Espagne: Pedro Sanchez responsable de l’accueil de Brahim Ghali ?

Espagne : Le juge Lasala pointe la responsabilité de Pedro Sanchez dans l’accueil de Brahim Ghali




En Espagne, l’enquête sur l’accueil de Brahim Ghali s’approche du chef gouvernement.

L’opposition plurielle de droite avait déjà pointé la responsabilité de Pedro Sanchez. Après des mois d’investigations sur les circonstances de l’entrée de Brahim Ghali, le 18 avril 2021, en Espagne, un processus ponctué par des auditions de témoins et de mis en cause, le juge d’instructions Rafael Lasala pointe, désormais, la responsabilité directe du chef du gouvernement, Pedro Sanchez, dans la coordination de l’opération.

En réponse à une requête de classer l’affaire, formulée le 8 février par la Direction des services juridiques, placée sous la tutelle du ministère de la Justice, Lasala y affirme que le nombre des intervenants, plusieurs fonctionnaires des départements de l’Intérieur, de la Défense et des Affaires étrangères, dans l’accueil du chef du Front Polisario ne peut être l’œuvre d’un seul ministère.

Face à une opération de cette ampleur, exigeant une parfaite coordination entre les différents ministères, «la décision finale correspond au président du gouvernement», rapporte ce lundi El Mundo.




Le juge refuse de classer les poursuites contre l’ex-ministre des Affaires étrangères

Ce tournant dans l’enquête de Lasala apporte de l’eau au moulin du Parti Populaire et de Vox.

En effet, au lendemain de la convocation en septembre de l’ancienne ministre des Affaires étrangères par le juge d’instruction, en tant que «mise en cause» dans cette affaire, les deux formations de l’opposition avaient réclamé de révéler l’identité du «Monsieur X» qui aurait donné des instructions «dans le complot Ghali».

Le PP et Vox avaient alors souligné que le limogeage d’Arancha González Laya du gouvernement n’avait pour objectif que de «camoufler le grand scandale de l’entrée et de la sortie d’Espagne du chef du Polisario».

Des accusations indirectes que Pedro Sanchez a balayées d’un revers de main dans des déclarations à la presse.

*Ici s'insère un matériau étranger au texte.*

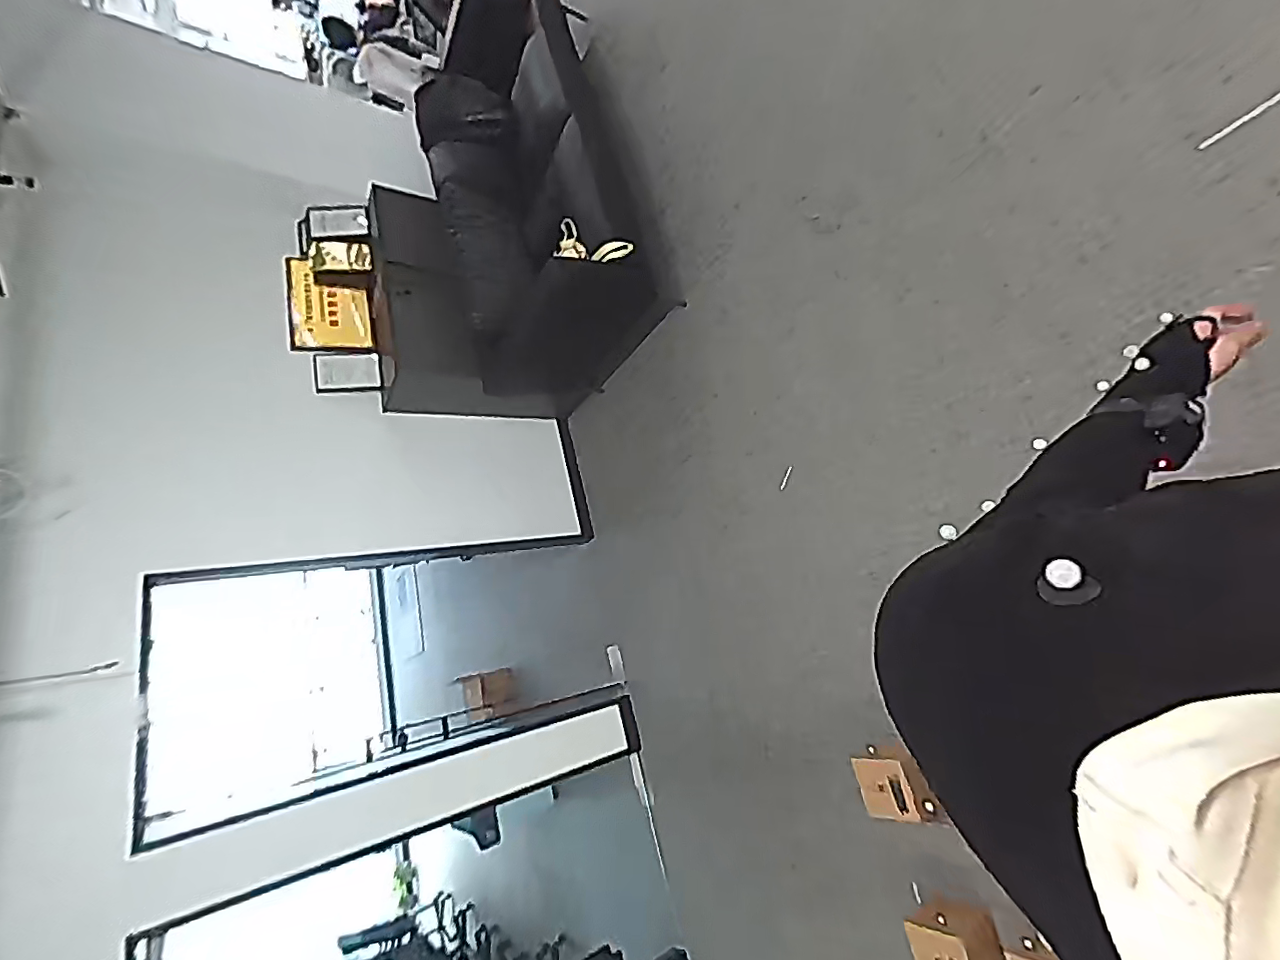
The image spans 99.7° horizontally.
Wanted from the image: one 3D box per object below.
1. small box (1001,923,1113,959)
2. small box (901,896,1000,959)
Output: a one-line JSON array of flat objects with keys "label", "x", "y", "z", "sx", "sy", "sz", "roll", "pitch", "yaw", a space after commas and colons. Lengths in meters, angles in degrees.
[{"label": "small box", "x": 1.029, "y": 1.218, "z": 1.306, "sx": 0.179, "sy": 0.176, "sz": 0.168, "roll": -33, "pitch": 64, "yaw": 51}, {"label": "small box", "x": 0.881, "y": 1.314, "z": 1.521, "sx": 0.179, "sy": 0.176, "sz": 0.168, "roll": -33, "pitch": 64, "yaw": 51}]
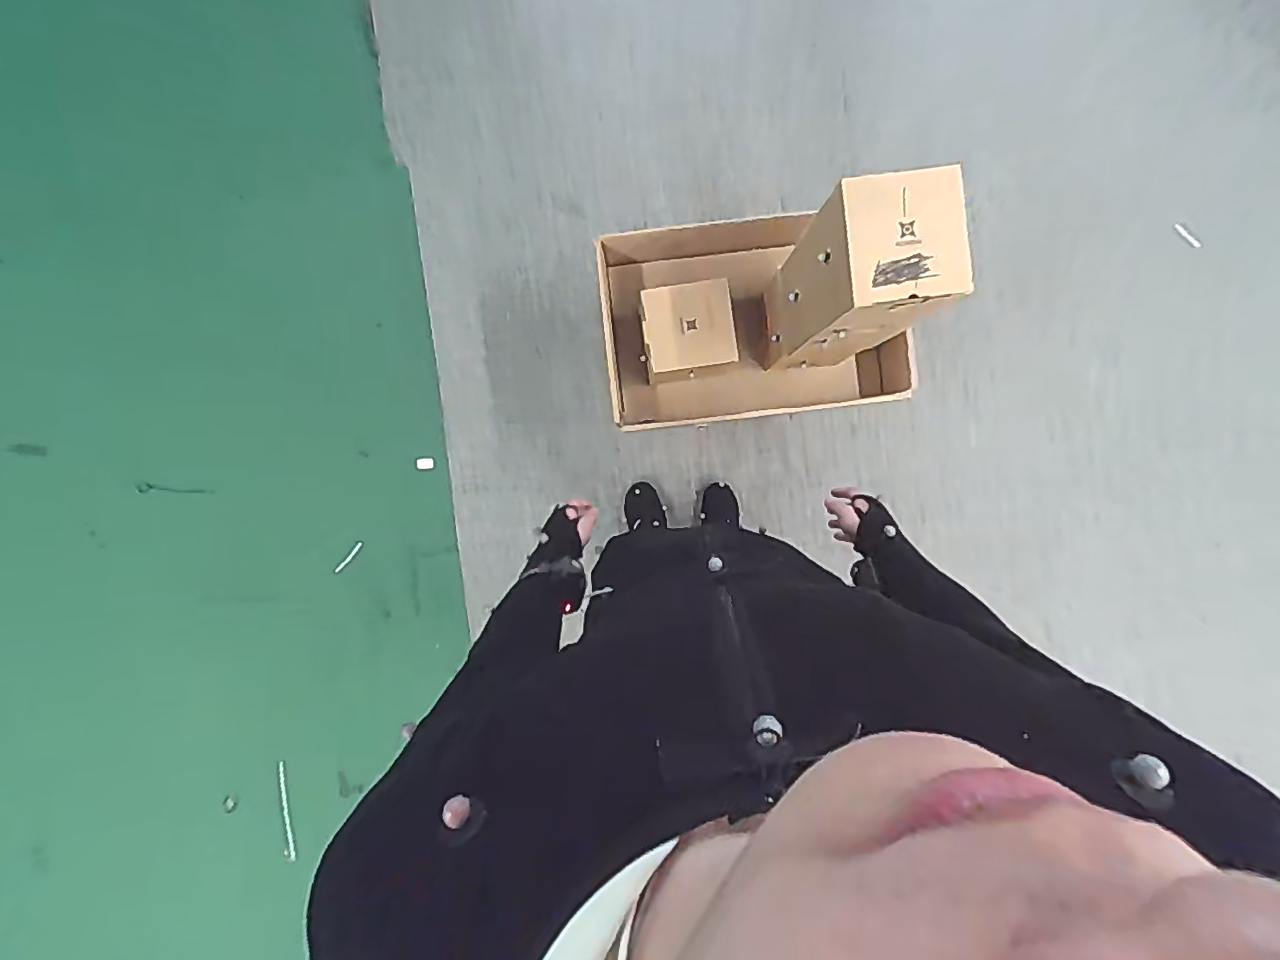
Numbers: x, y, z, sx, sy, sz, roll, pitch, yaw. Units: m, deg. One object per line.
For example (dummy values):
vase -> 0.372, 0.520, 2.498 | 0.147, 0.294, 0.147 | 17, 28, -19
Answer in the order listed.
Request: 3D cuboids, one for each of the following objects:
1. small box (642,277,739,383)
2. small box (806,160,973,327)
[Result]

L’hospitalisation du chef du Polisario à Logorño obéissait à «des raisons humanitaires parce qu’il était sur le point de mourir». avait-il précisé dans une interview accordée, le 14 octobre, à la chaîne La Sexta.




Sanchez avait aussi défendu la gestion de son cabinet, estimant qu’elle «respectait strictement l’Etat de droit». Une version qu’il avait déjà tenue le 22 septembre à New York lors d’un point de presse.

«Il faut se rappeler qu’il y avait une demande humanitaire pour sauver la vie d’une personne qui était sur le point de mourir. Ce que l’Espagne a fait, c’est d’apporter une solution à une demande humaine. L’Espagne a fait ce qu’elle devait et comme il se doit, c’est-à-dire conformément à la loi», avait expliqué Pedro Sanchez.

Dans sa réponse à la Direction des services juridiques, le juge d’instruction Lasala a annoncé le classement des poursuites de l’ancien chef de cabinet du ministère des Affaires étrangères, Camilo Villarino. En revanche, il a maintenu les charges contre l’ex-cheffe de la diplomatie, Arancha Gonzalez, souligne El Mundo.

L’enquête du juge d’instruction se poursuit. Rafael Lasala a ordonné à la police d’identifier l’«agent secret» qui aurait supervisé, le 18 avril 2021, l’opération de l’accueil de Brahim Ghali à la base militaire de Saragosse et son évacuation ensuite à l’hôpital.